_The task_.
Reproduce the full listing below exactly. Do not include the pictures.

_Working data_.
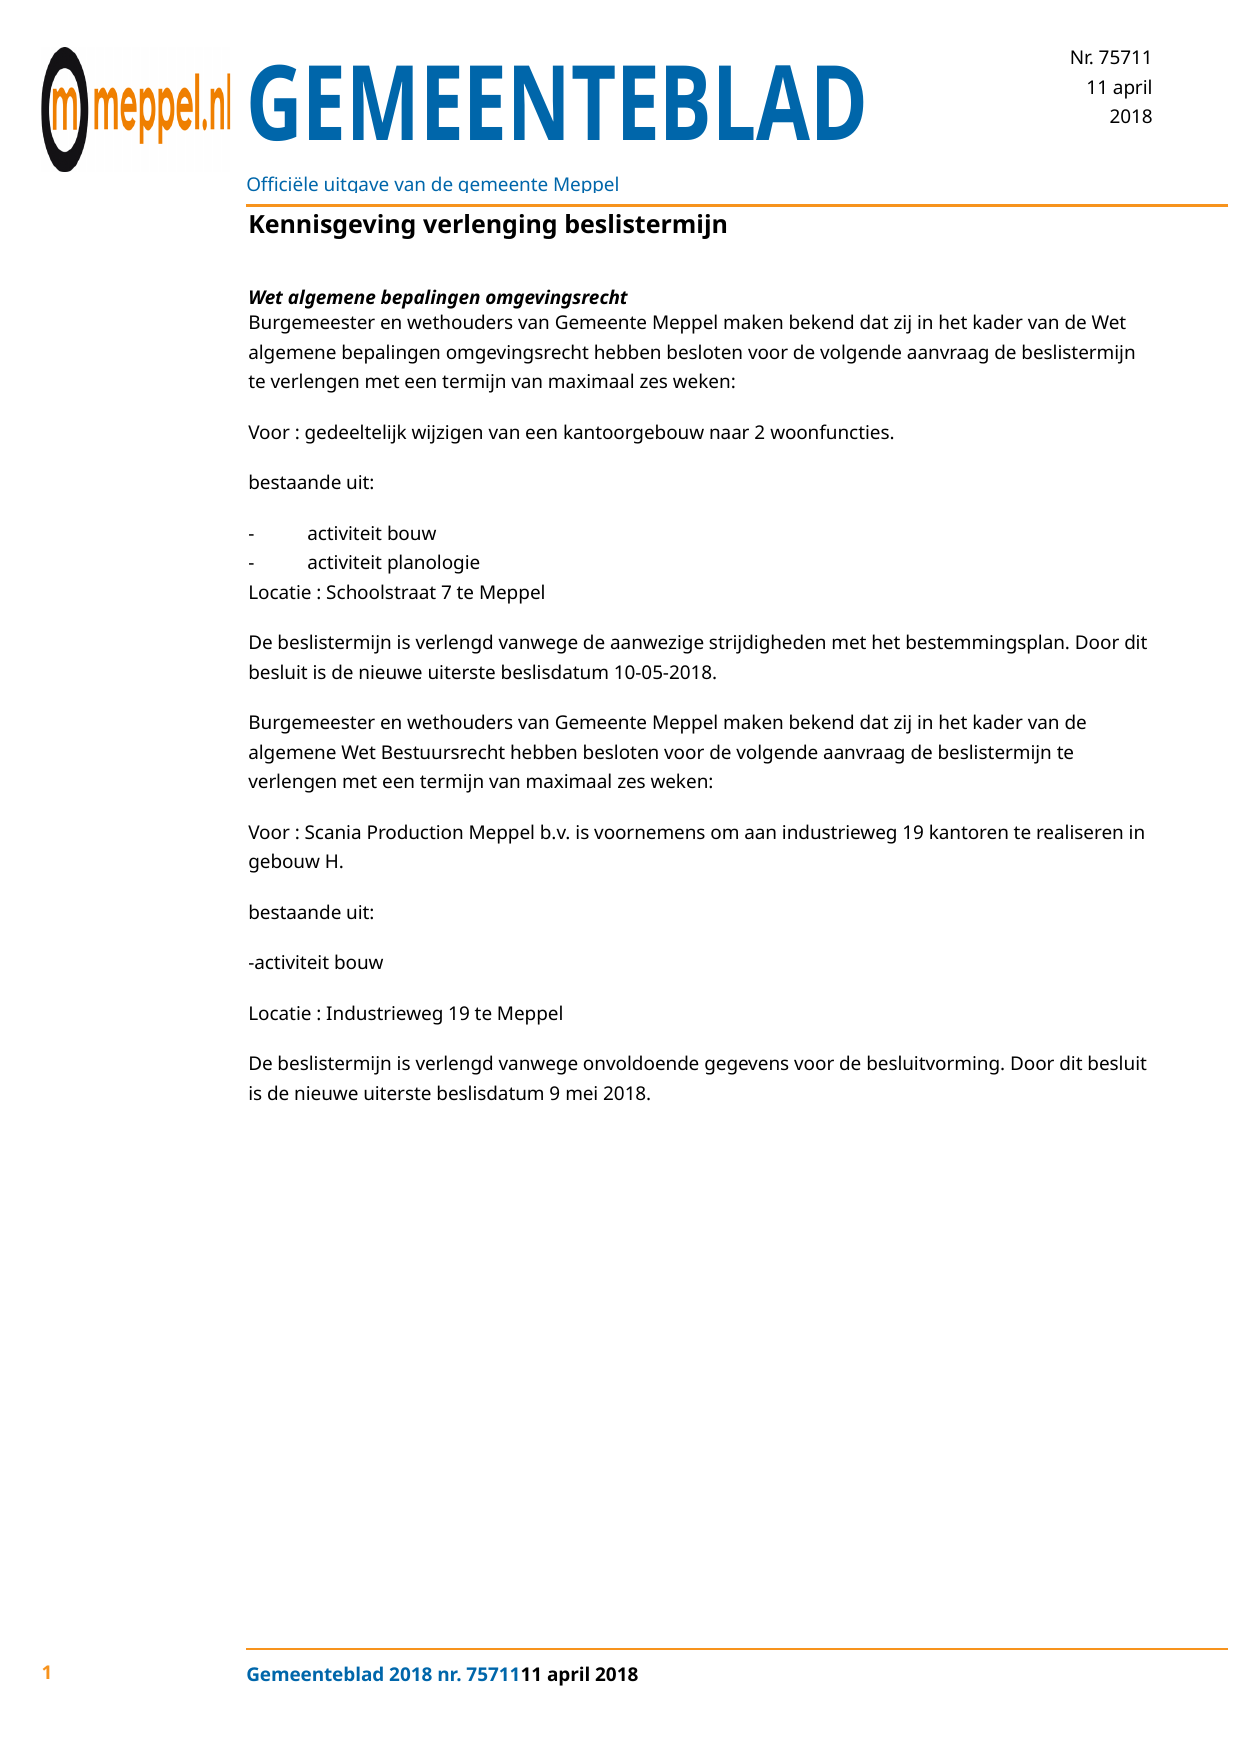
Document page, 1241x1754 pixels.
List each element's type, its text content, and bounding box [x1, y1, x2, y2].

list activiteit bouw [248, 520, 1152, 546]
text Voor : Scania Production Meppel b.v. is voornemens om aan industrieweg 19 kantoren te realiseren in gebouw H. [248, 819, 1152, 874]
text Burgemeester en wethouders van Gemeente Meppel maken bekend dat zij in het kader van de Wet algemene bepalingen omgevingsrecht hebben besloten voor de volgende aanvraag de beslistermijn te verlengen met een termijn van maximaal zes weken: [248, 309, 1152, 394]
list activiteit planologie [248, 549, 1152, 575]
text Wet algemene bepalingen omgevingsrecht [248, 284, 1152, 309]
text De beslistermijn is verlengd vanwege onvoldoende gegevens voor de besluitvorming. Door dit besluit is de nieuwe uiterste beslisdatum 9 mei 2018. [248, 1050, 1152, 1106]
picture [41, 47, 231, 172]
text De beslistermijn is verlengd vanwege de aanwezige strijdigheden met het bestemmingsplan. Door dit besluit is de nieuwe uiterste beslisdatum 10-05-2018. [248, 629, 1152, 685]
text -activiteit bouw [248, 949, 1152, 975]
text Kennisgeving verlenging beslistermijn [248, 207, 1152, 241]
text Voor : gedeeltelijk wijzigen van een kantoorgebouw naar 2 woonfuncties. [248, 419, 1152, 445]
text bestaande uit: [248, 469, 1152, 495]
text Locatie : Industrieweg 19 te Meppel [248, 1000, 1152, 1026]
text bestaande uit: [248, 899, 1152, 925]
text Locatie : Schoolstraat 7 te Meppel [248, 579, 1152, 605]
text Burgemeester en wethouders van Gemeente Meppel maken bekend dat zij in het kader van de algemene Wet Bestuursrecht hebben besloten voor de volgende aanvraag de beslistermijn te verlengen met een termijn van maximaal zes weken: [248, 709, 1152, 794]

_Answer section_.
Document page, 1241x1754 pixels.
List each element's type, its text content, and bounding box [x1, y1, x2, y2].

list activiteit bouw [248, 520, 1152, 546]
text Voor : Scania Production Meppel b.v. is voornemens om aan industrieweg 19 kantoren te realiseren in gebouw H. [248, 819, 1152, 874]
text Burgemeester en wethouders van Gemeente Meppel maken bekend dat zij in het kader van de Wet algemene bepalingen omgevingsrecht hebben besloten voor de volgende aanvraag de beslistermijn te verlengen met een termijn van maximaal zes weken: [248, 309, 1152, 394]
list activiteit planologie [248, 549, 1152, 575]
text Wet algemene bepalingen omgevingsrecht [248, 284, 1152, 309]
text De beslistermijn is verlengd vanwege onvoldoende gegevens voor de besluitvorming. Door dit besluit is de nieuwe uiterste beslisdatum 9 mei 2018. [248, 1050, 1152, 1106]
picture [41, 47, 231, 172]
text De beslistermijn is verlengd vanwege de aanwezige strijdigheden met het bestemmingsplan. Door dit besluit is de nieuwe uiterste beslisdatum 10-05-2018. [248, 629, 1152, 685]
text -activiteit bouw [248, 949, 1152, 975]
text Kennisgeving verlenging beslistermijn [248, 207, 1152, 241]
text Voor : gedeeltelijk wijzigen van een kantoorgebouw naar 2 woonfuncties. [248, 419, 1152, 445]
text bestaande uit: [248, 469, 1152, 495]
text Locatie : Industrieweg 19 te Meppel [248, 1000, 1152, 1026]
text bestaande uit: [248, 899, 1152, 925]
text Locatie : Schoolstraat 7 te Meppel [248, 579, 1152, 605]
text Burgemeester en wethouders van Gemeente Meppel maken bekend dat zij in het kader van de algemene Wet Bestuursrecht hebben besloten voor de volgende aanvraag de beslistermijn te verlengen met een termijn van maximaal zes weken: [248, 709, 1152, 794]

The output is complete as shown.